Monday, 5 September 2022

My Little Repeats 122: "Gauntlet of Fire"

Walls have ears, rocks have eyes
S6E05: "Gauntlet of Fire"

16 Apr 2016

My original rating: ★★★★
IMDb score: 8.0

The one with talking seaweed

Thoughts: For a long time, "Spike episode" wasn't something fans said with much enthusiasm. Okay, the likes of "Dragon Quest" had their fans, but they weren't that numerous. This was the episode that changed that. The received wisdom is that it was the first really good Spike-isode. For the most part, I agree with that. For a start, it teams Rarity with Twilight. They were together (with Rainbow) in "Dragon Quest", but they haven't been a common partnership since. We of course meet Ember for the first time, and her constant changes from cheerful and friendly to grumpy and, well, dragonish are amusing. (I know some people use the word "tsundere" here, but I'm not an anime guy, so I won't.) Dragon Lord Torch, voiced with a fun Aussie accent by the apparently almost unknown Matt Cowlrick, does well in support. I still don't like Garble, but I find his nastiness less boring here than in "Dragon Quest", at least. The actual adventure part of the episode is generally great, even if we never do find out how the ponies got through that cave. Add in a whole load of world-building (some of which was actually used again) and Spike's decision at the end to give up the Bloodstone Sceptre to Ember, and this is an ep I'd happily watch again for fun. I thought quite hard about whether it was still deserving of a four. Maybe not by much, but I really do think it is.

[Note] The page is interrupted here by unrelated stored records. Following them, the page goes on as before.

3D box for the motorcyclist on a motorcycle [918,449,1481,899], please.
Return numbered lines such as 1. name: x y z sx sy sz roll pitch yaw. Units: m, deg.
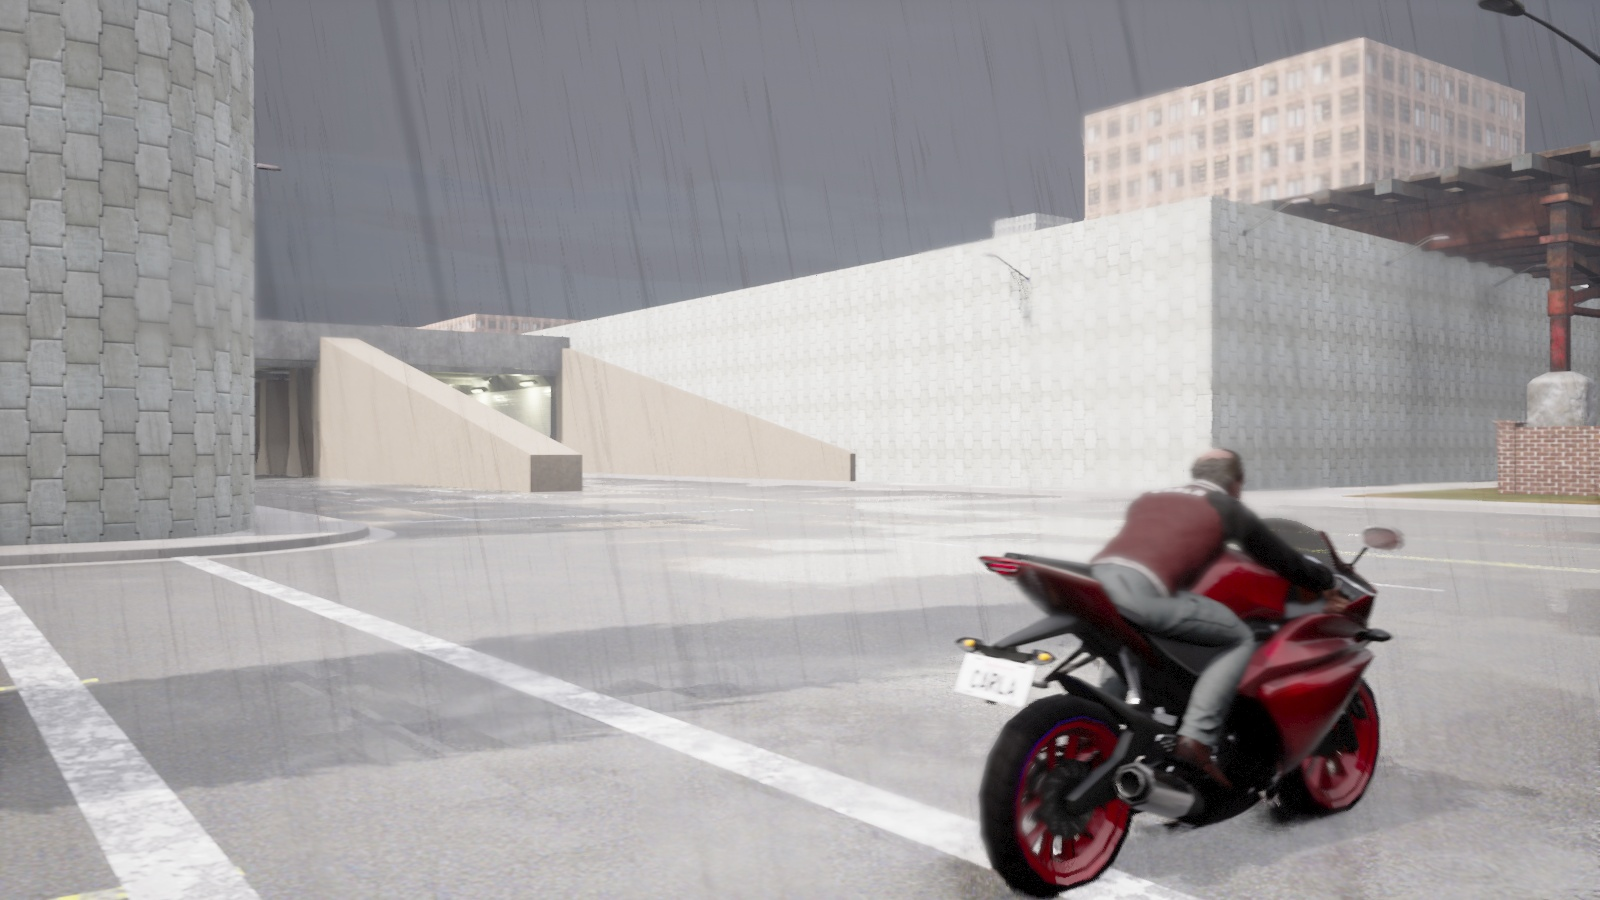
1. motorcyclist on a motorcycle: 1.574 0.769 4.755 2.191 1.530 0.866 0 0 -35
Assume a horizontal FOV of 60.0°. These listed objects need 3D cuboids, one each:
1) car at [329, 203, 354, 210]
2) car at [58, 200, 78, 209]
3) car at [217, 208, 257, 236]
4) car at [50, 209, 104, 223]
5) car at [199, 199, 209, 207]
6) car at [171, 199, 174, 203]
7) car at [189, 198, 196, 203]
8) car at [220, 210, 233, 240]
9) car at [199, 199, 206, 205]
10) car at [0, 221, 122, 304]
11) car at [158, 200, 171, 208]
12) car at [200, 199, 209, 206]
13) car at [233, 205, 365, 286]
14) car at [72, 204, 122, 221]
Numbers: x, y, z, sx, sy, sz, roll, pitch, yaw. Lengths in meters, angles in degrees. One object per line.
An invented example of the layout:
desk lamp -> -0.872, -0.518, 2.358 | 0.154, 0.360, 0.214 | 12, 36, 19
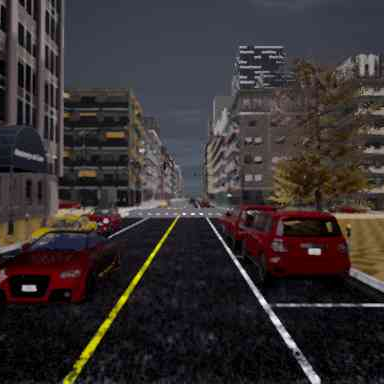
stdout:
car -> 20.878, 2.265, 45.551 | 4.097, 1.590, 1.967 | 1, -2, 0
car -> -17.221, 1.770, 45.258 | 4.507, 1.381, 1.887 | 1, -2, 0
car -> 2.712, 1.781, 20.841 | 1.887, 1.381, 4.507 | 1, -1, 0
car -> -5.671, 1.697, 15.119 | 1.752, 1.417, 4.829 | 1, -1, 0
car -> 2.746, 2.337, 69.874 | 1.887, 1.381, 4.507 | 1, -1, 0
car -> -5.631, 2.400, 75.417 | 1.887, 1.381, 4.507 | 1, -1, 0
car -> 0.062, 2.467, 91.142 | 1.837, 1.490, 4.892 | 0, -1, 0
car -> 2.711, 1.489, 15.284 | 2.192, 1.841, 5.009 | 1, -1, 0
car -> 2.757, 2.564, 86.443 | 1.802, 1.307, 4.206 | 1, -1, 0
car -> -3.094, 1.659, 8.314 | 1.994, 1.385, 4.181 | 0, -1, 0
car -> -5.638, 2.253, 64.201 | 1.752, 1.417, 4.829 | 1, -1, 0
car -> 2.751, 2.296, 75.399 | 1.967, 1.590, 4.097 | 1, -1, 0
car -> 2.707, 1.426, 9.724 | 2.192, 1.841, 5.009 | 1, -1, 0
car -> -5.667, 1.676, 20.849 | 1.967, 1.590, 4.097 | 1, -1, 0
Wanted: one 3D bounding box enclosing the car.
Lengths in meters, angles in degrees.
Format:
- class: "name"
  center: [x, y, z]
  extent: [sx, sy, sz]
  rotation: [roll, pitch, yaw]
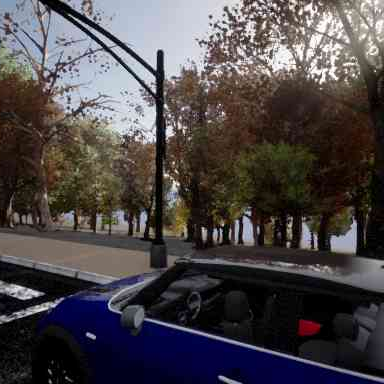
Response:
- class: "car"
  center: [0.409, 1.352, 3.364]
  extent: [4.553, 1.767, 2.097]
  rotation: [0, 0, 34]
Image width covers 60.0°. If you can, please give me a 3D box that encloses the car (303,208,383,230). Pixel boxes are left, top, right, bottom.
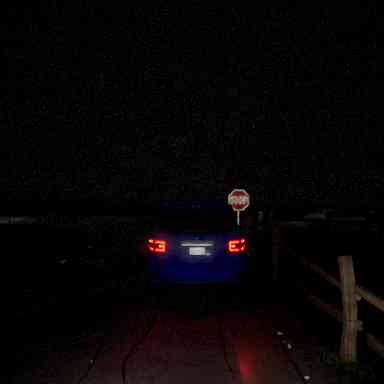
[{"bbox_3d":[10.119,1.943,22.929,4.674,1.442,1.812,2,3,0],"label":"car"}]

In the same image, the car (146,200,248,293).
[{"bbox_3d":[0.083,1.214,8.992,2.150,2.045,5.566,0,0,0],"label":"car"}]

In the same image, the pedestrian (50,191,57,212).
[{"bbox_3d":[-12.080,0.778,28.947,0.375,1.860,0.375,0,1,0],"label":"pedestrian"}]
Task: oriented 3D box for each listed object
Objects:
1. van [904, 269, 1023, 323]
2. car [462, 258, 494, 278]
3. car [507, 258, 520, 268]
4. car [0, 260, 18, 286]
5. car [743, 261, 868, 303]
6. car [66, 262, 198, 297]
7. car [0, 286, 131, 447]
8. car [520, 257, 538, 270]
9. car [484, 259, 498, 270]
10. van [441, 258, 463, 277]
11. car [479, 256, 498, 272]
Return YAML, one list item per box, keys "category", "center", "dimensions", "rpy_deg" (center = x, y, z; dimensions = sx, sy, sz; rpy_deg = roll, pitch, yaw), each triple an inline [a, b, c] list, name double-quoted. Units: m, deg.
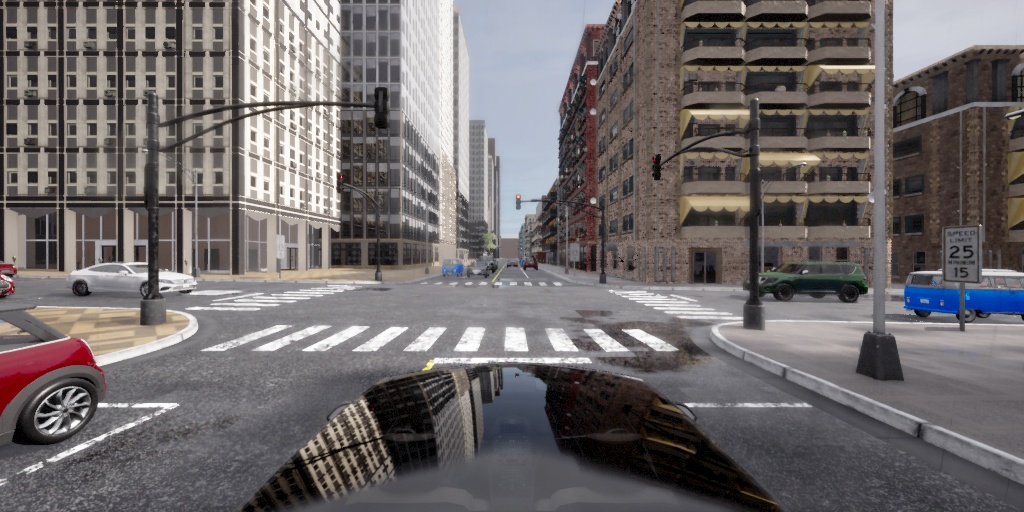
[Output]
- category: "van"
  center: [16.904, 1.453, 13.083]
  dimensions: [3.998, 1.789, 1.690]
  rpy_deg: [0, 0, 0]
- category: "car"
  center: [-3.126, 1.247, 33.957]
  dimensions: [2.128, 1.511, 4.902]
  rpy_deg: [0, 0, 0]
- category: "car"
  center: [0.053, 1.372, 62.739]
  dimensions: [1.895, 1.301, 4.718]
  rpy_deg: [0, 0, 0]
- category: "car"
  center: [-21.156, 0.818, 13.104]
  dimensions: [4.097, 1.591, 1.967]
  rpy_deg: [0, 0, 0]
- category: "car"
  center: [15.446, 1.297, 19.004]
  dimensions: [5.566, 2.045, 2.150]
  rpy_deg: [1, 0, 0]
- category: "car"
  center: [-16.551, 0.989, 15.686]
  dimensions: [4.674, 1.442, 1.812]
  rpy_deg: [1, 0, 1]
- category: "car"
  center: [-5.691, 1.190, 2.349]
  dimensions: [1.967, 1.591, 4.097]
  rpy_deg: [0, 0, 0]
- category: "car"
  center: [2.652, 1.079, 51.483]
  dimensions: [2.192, 1.841, 5.009]
  rpy_deg: [0, 0, 0]
- category: "car"
  center: [-3.126, 1.244, 54.166]
  dimensions: [1.882, 1.535, 5.008]
  rpy_deg: [0, 0, 0]
- category: "van"
  center: [-5.715, 1.097, 34.823]
  dimensions: [1.690, 1.789, 3.998]
  rpy_deg: [0, 0, 0]
- category: "car"
  center: [-3.131, 0.982, 43.850]
  dimensions: [2.150, 2.045, 5.566]
  rpy_deg: [0, 0, 0]
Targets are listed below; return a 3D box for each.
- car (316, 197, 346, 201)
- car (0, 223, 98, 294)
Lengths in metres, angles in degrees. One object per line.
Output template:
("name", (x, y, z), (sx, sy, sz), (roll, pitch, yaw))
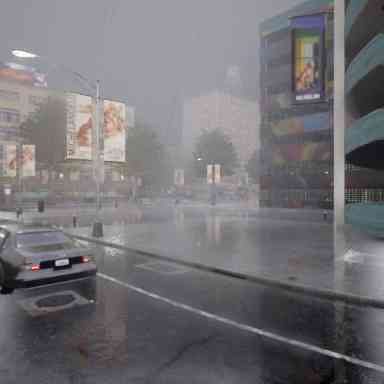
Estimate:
("car", (17.417, 1.320, 42.547), (4.674, 1.452, 2.002), (0, 0, -42))
("car", (-4.497, 1.547, 8.895), (2.033, 1.411, 5.357), (0, 0, -44))

Choice quote: Ember: "Please don't make me talk about my feelings."

New rating:

Next time, it'll be "No Second Prances", which doesn't have an unmixed reputation but which it turns out I really rather liked on first appearance. So we shall see!

4 comments:

  1. This is always a somewhat tricky episode for me to grapple with, falling into the range of my take being slightly weaker then the consensus, but not nearly enough to call it overrated. Certainly, the achievements you mention hold true. The Twilight/Rarity team-up produces reasonable comic chemistry (though I can't help feel it would produce even more in an early season; only the side-thread of Twilight's eagerness to study dragons and a few lines from Rarity take advantage of their personalities); both Torch and Ember make good impressions in their roles; the adventuring segments are thrilling enough (I funnily misremembered Twilight saying she teleported herself through the cave), with the episode striking a balance of merging those action elements with the friendship and sincerity of FiM and mostly making them work (the small seams are nothing next to the tonal botch made of the same in Daring Do episodes). I do totally understand why this was regarded as the first great Spike episode, for it has no big, nagging problem likely to weigh it down for many. The bones are undoubtedly the strongest any Spike episode ever got.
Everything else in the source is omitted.